II. THE LITERARY ORIGINS OF THE POEM

i. CAROLINGIAN

In its basic content the Orlando Furioso is a combination of material derived from three different origins: Carolingian, Celtic, and Classical. Of these three vast sources, the earliest, as regards the romantic epic, are the Carolingian legends, the beginnings of which are traced to the defeat of Charlemagne’s rearguard in 778 by the Basques in the Pass of Roncevaux in the Pyrenees. This catastrophe, enshrined in the eleventh-century French epic La Chanson de Roland, imbued all subsequent Carolingian narratives with a sublime fatality, echoing as late as the nineteenth century in Alfred de Vigny’s famous line:

Dieu! que le son du cor est triste au fond des bois!

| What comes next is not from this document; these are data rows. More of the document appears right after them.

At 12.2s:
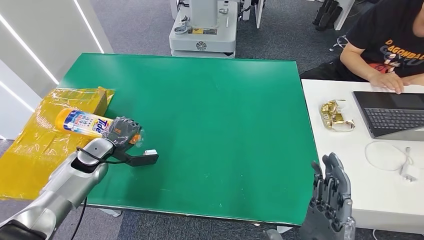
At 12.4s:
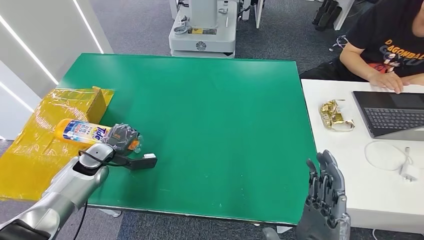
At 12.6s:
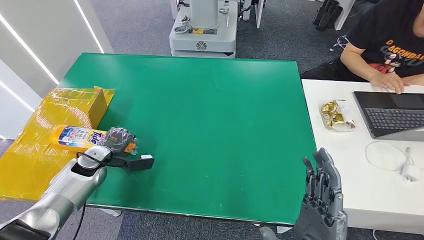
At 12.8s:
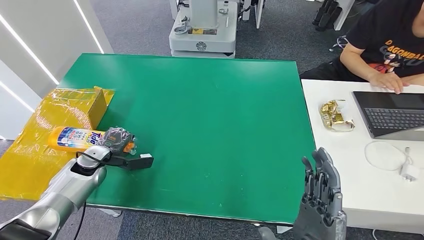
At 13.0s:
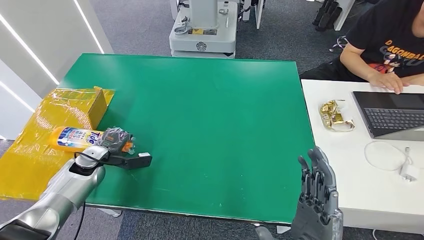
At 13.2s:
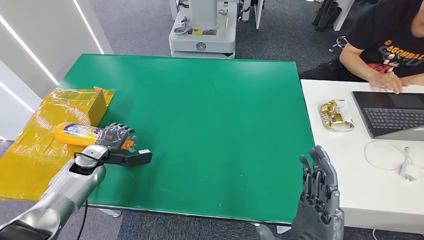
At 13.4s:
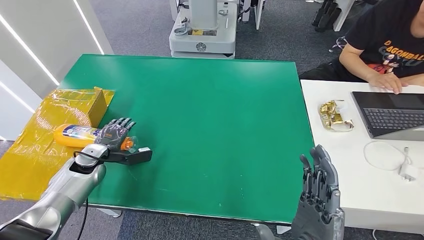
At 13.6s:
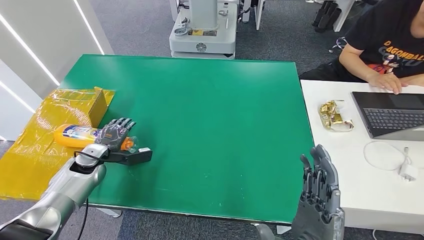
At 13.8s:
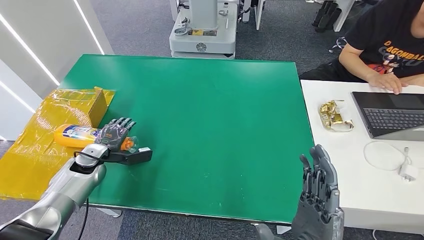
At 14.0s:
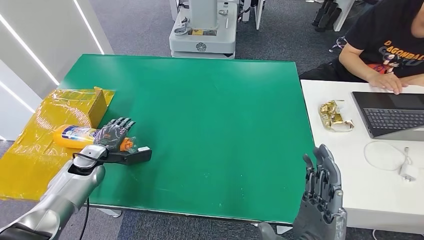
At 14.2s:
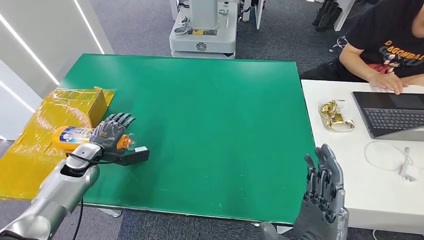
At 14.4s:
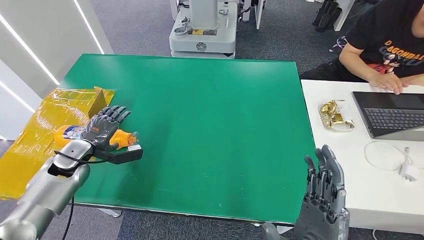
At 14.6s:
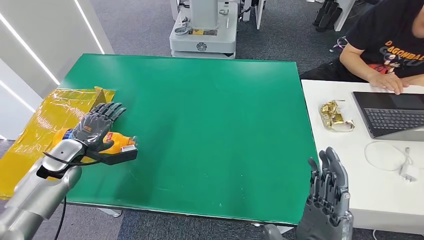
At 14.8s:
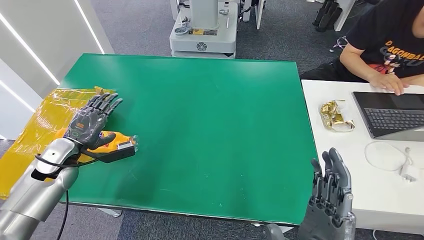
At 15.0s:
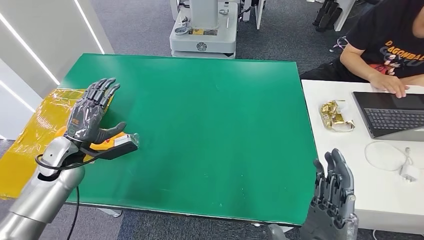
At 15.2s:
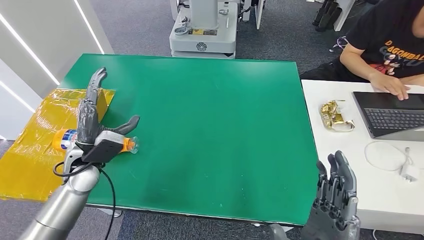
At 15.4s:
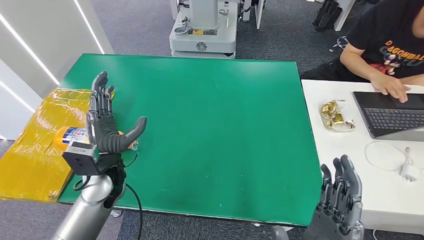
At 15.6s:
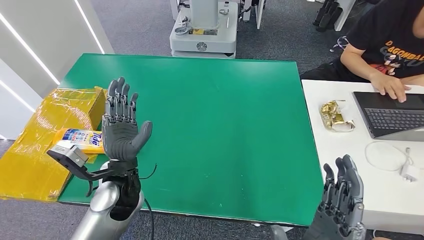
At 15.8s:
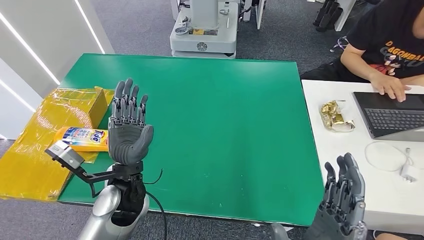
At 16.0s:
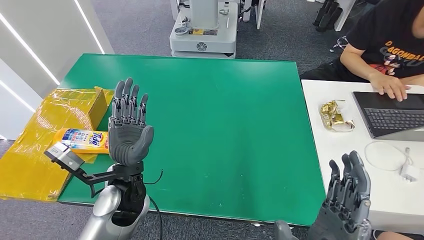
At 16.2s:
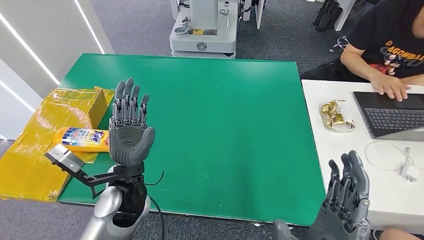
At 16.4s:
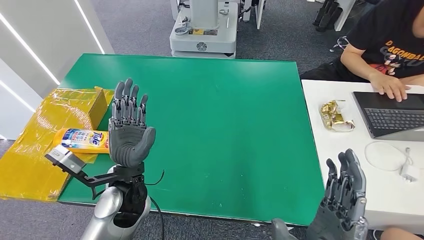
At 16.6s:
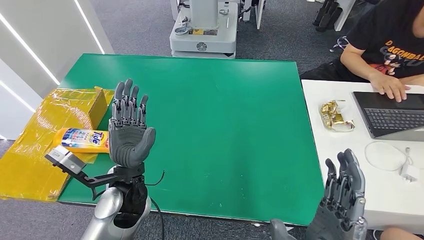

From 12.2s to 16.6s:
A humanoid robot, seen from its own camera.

Between the Chanson de Roland and Ariosto’s Orlando Furioso there are over four centuries of accretion and transformation. The most significant stages of development are those by which the Roland of history became first the epic hero of the Chanson and later the Orlando of the Italian romances. The earliest known record of the name of Roland occurs in a document testifying to the presence of a Count Rotholandus, with Charlemagne, at the palace of Herstal, near Liège, in 772. In 790 the name Rodlan appears on the reverse of a coin.